Prompt: Please set down exactly the lines from the one that contains "Would you report" through the end of the material, leaving out every picture.

Input data:

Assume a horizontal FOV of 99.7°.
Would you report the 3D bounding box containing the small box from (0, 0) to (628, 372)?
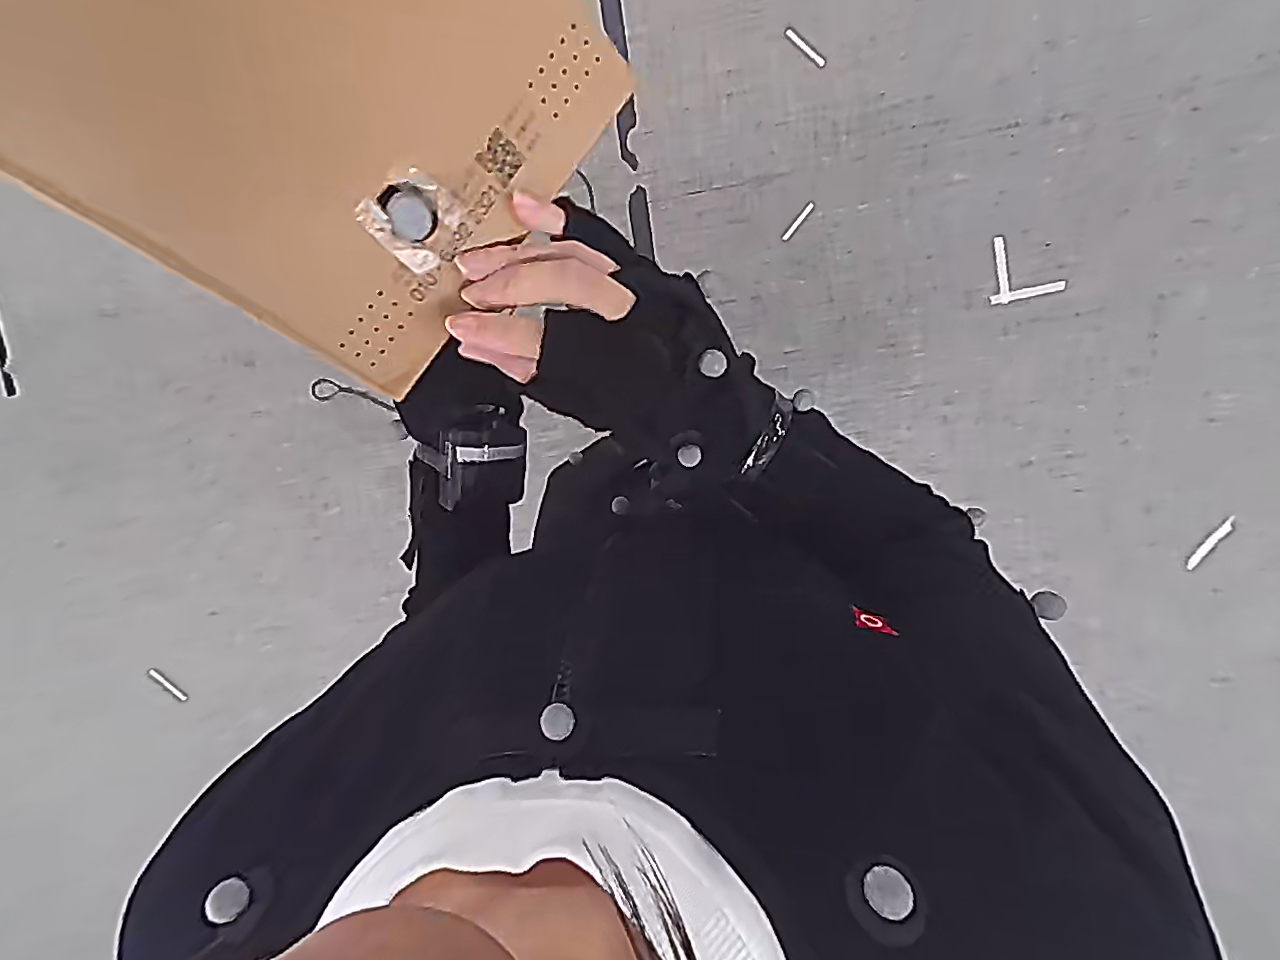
[{"bbox_3d":[-0.138,-0.177,0.256,0.176,0.179,0.168,34,99,-39],"label":"small box"}]

Output for this exercise:
Would you report the 3D bounding box containing the small box from (0, 0) to (628, 372)?
[{"bbox_3d":[-0.138,-0.177,0.256,0.176,0.179,0.168,34,99,-39],"label":"small box"}]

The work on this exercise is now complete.